Will efficacy or effectiveness standards be traded-off in the rush for a vaccine? Dr Steven Wooding, Affiliated Researcher at the Bennett Institute and Prof Stephen Hanney, Brunel University London, suggest the research policy question will be: having done it once, could it ever be sensible to pursue such accelerations for other therapies or vaccines?

Modern medicine has made remarkable progress – but takes its time. Each week newspapers cover scientific breakthroughs that will revolutionise health, but looking back, such research often takes years to appear in the clinic. We, and others, have estimated it takes, on average, 17 years for research to progress from lab to clinic. In the midst of a pandemic this is not cheery news. So we asked whether SARS-CoV-2 vaccine development might be quicker.

For a decade we, and our colleagues, have been studying stories of drug and therapy development. Looking at what speeds up, or slows down, the journey to the clinic. We’ve explored the journeys from lab to clinic and developed a framework that represents the journey as a series of ‘tracks’. There are four groups of tracks (see Fig 1)  –  discovery research tracks; human research and research review tracks; clinical and health service/public policy development tracks; and finally a clinical practice track.

The journey proceeds along a track – for example, in the research track, studies build on one another. Every so often the journey jumps the rails and shifts tracks – for example: promising therapies move from the discovery research track into the human (clinical) track. Our framework emphasises how work can happen in parallel on different tracks – indeed it illustrates a situation with extensive overlap, more similar to what we are seeing in SARS-CoV-2 vaccine development than what we saw in our previous stories.

The race for a SARS-Cov-2 Vaccine – how could 17 years be squeezed in to 17 months?

Taking this framework we asked if SARS-CoV-2 vaccine development could turn the 17 year average into 17 months; and whether we can learn things from SARS-CoV-2 vaccine development to accelerate medical research in a post-pandemic world.

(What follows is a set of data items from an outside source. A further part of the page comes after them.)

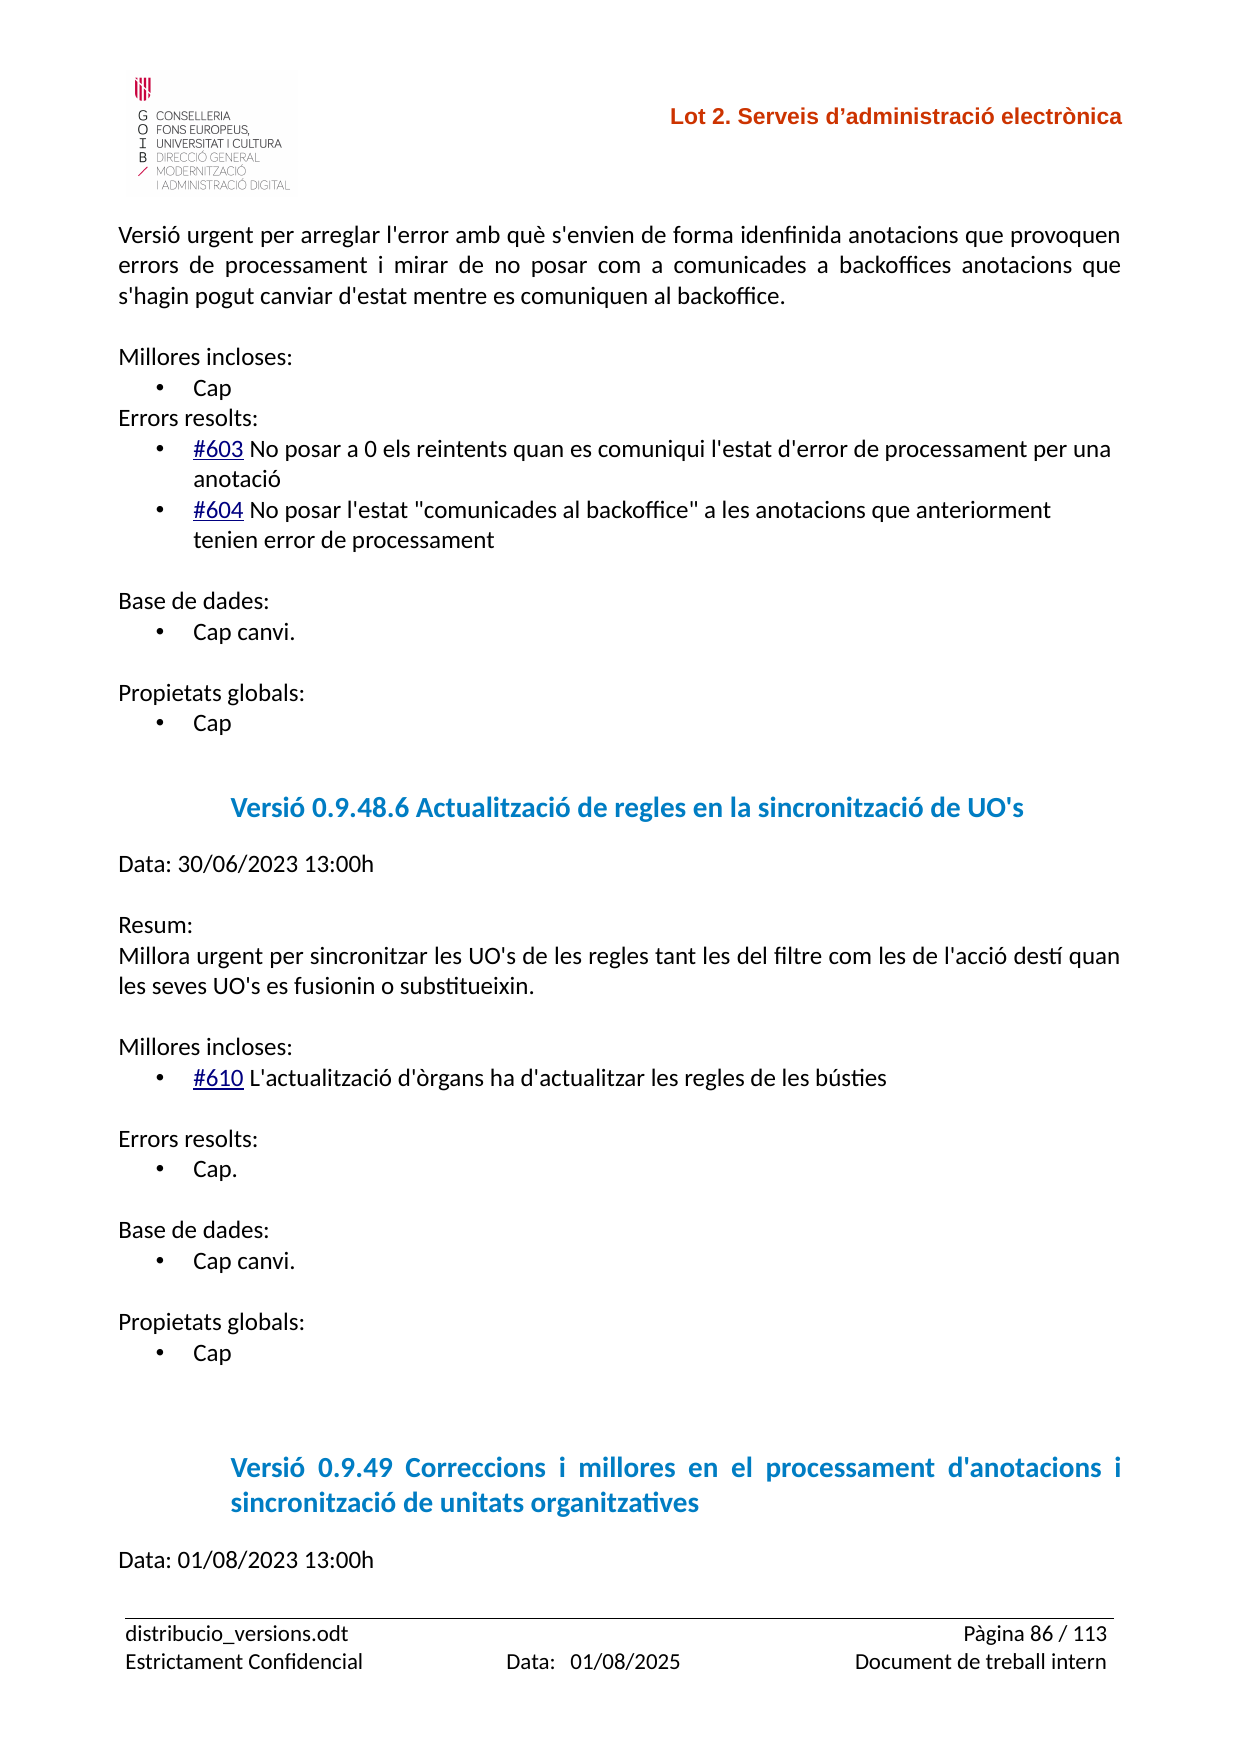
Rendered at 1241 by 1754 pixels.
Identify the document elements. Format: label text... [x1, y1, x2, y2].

list #603 No posar a 0 els reintents quan es comuniqui l'estat d'error de processament per una anotació [156, 433, 1122, 494]
list Cap canvi. [156, 616, 1122, 646]
list Cap [156, 1337, 1122, 1367]
text Millora urgent per sincronitzar les UO's de les regles tant les del filtre com les de l'acció destí quan les seves UO's es fusionin o substitueixin. [118, 940, 1122, 1001]
text Millores incloses: [118, 1032, 1122, 1062]
list #604 No posar l'estat "comunicades al backoffice" a les anotacions que anteriorment tenien error de processament [156, 494, 1122, 555]
text Millores incloses: [118, 341, 1122, 372]
subtitle Versió 0.9.48.6 Actualització de regles en la sincronització de UO's [153, 789, 1122, 825]
picture [126, 70, 299, 197]
text Versió urgent per arreglar l'error amb què s'envien de forma idenfinida anotacions que provoquen errors de processament i mirar de no posar com a comunicades a backoffices anotacions que s'hagin pogut canviar d'estat mentre es comuniquen al backoffice. [118, 219, 1122, 311]
text Propietats globals: [118, 1306, 1122, 1337]
text Base de dades: [118, 1215, 1122, 1245]
text Errors resolts: [118, 402, 1122, 433]
list Cap. [156, 1154, 1122, 1184]
list Cap [156, 372, 1122, 402]
list Cap canvi. [156, 1245, 1122, 1276]
text Resum: [118, 909, 1122, 940]
list #610 L'actualització d'òrgans ha d'actualitzar les regles de les bústies [156, 1062, 1122, 1093]
text Base de dades: [118, 585, 1122, 616]
text Data: 30/06/2023 13:00h [118, 848, 1122, 879]
subtitle Versió 0.9.49 Correccions i millores en el processament d'anotacions i sincronització de unitats organitzatives [153, 1449, 1122, 1520]
list Cap [156, 707, 1122, 738]
text Propietats globals: [118, 677, 1122, 707]
text Errors resolts: [118, 1123, 1122, 1154]
text Data: 01/08/2023 13:00h [118, 1544, 1122, 1574]
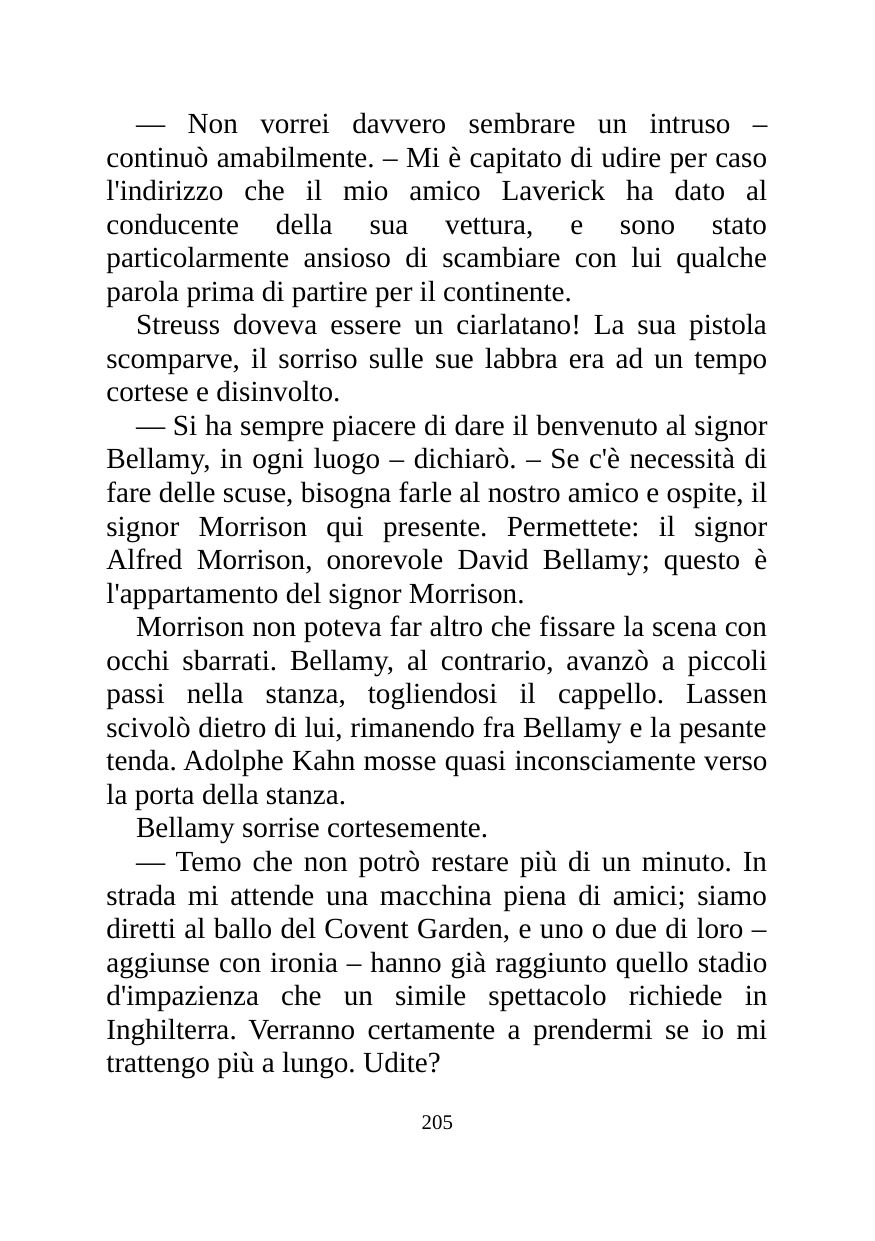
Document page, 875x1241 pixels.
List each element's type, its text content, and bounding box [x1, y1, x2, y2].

text — Non vorrei davvero sembrare un intruso – continuò amabilmente. – Mi è capitato di udire per caso l'indirizzo che il mio amico Laverick ha dato al conducente della sua vettura, e sono stato particolarmente ansioso di scambiare con lui qualche parola prima di partire per il continente. [106, 106, 768, 307]
text — Si ha sempre piacere di dare il benvenuto al signor Bellamy, in ogni luogo – dichiarò. – Se c'è necessità di fare delle scuse, bisogna farle al nostro amico e ospite, il signor Morrison qui presente. Permettete: il signor Alfred Morrison, onorevole David Bellamy; questo è l'appartamento del signor Morrison. [106, 408, 768, 609]
text — Temo che non potrò restare più di un minuto. In strada mi attende una macchina piena di amici; siamo diretti al ballo del Covent Garden, e uno o due di loro – aggiunse con ironia – hanno già raggiunto quello stadio d'impazienza che un simile spettacolo richiede in Inghilterra. Verranno certamente a prendermi se io mi trattengo più a lungo. Udite? [106, 844, 768, 1079]
text Morrison non poteva far altro che fissare la scena con occhi sbarrati. Bellamy, al contrario, avanzò a piccoli passi nella stanza, togliendosi il cappello. Lassen scivolò dietro di lui, rimanendo fra Bellamy e la pesante tenda. Adolphe Kahn mosse quasi inconsciamente verso la porta della stanza. [106, 609, 768, 811]
text Bellamy sorrise cortesemente. [106, 811, 768, 844]
text Streuss doveva essere un ciarlatano! La sua pistola scomparve, il sorriso sulle sue labbra era ad un tempo cortese e disinvolto. [106, 307, 768, 408]

There are four differences between our collected stories and a SARS-CoV-2 vaccine:

  1. Firstly, the ’17 years’, in our stories, starts from when a use was identified for the research – for example when a chemical is identified as a potential treatment for high blood pressure. In all our stories the illnesses already existed, but in the SARS-CoV-2 case the disease is new. So, when a vaccine is produced we’ll be measuring the time from the start of the research that most rapidly produces a vaccine. To take the analogy of a race we’re focussed on those racers in a very large field who were already furthest down the track.
  2.  Secondly, new treatments (or vaccines) normally have to be better than everything else, or  are tackling a problem so hard no-one has previously cracked it. In both cases you have to do better than previous attempts. The SARS-CoV-2 vaccine race is a brand new race.
  3. Thirdly, although the SARS-CoV-2 vaccine race is new, researchers have run similar races before. Research groups round the world, including Gilbert’s group at Oxford’s Jenner Institute had been developing tools to provide a head start. Gilbert says prior her research had been asking ‘how could we mobilise and focus our resources to go more quickly than we had ever gone before’. This research was about moving the starting line closer to the finish. It means that whenever a vaccine is developed, it will be building on research done long before 2020.
  4.  Finally, vaccines are commercially challenging, but socially worthwhile. This combination guarantees academic interest, but often stymies commercial development. For example, companies lost money on the development of Ebola vaccines during the 2014/15 Ebola outbreak because the outbreak faded before large quantities of vaccine could be sold. The commercialisation challenge means there were many proofs-of-concepts and nascent technologies waiting for the surge in demand a pandemic provides.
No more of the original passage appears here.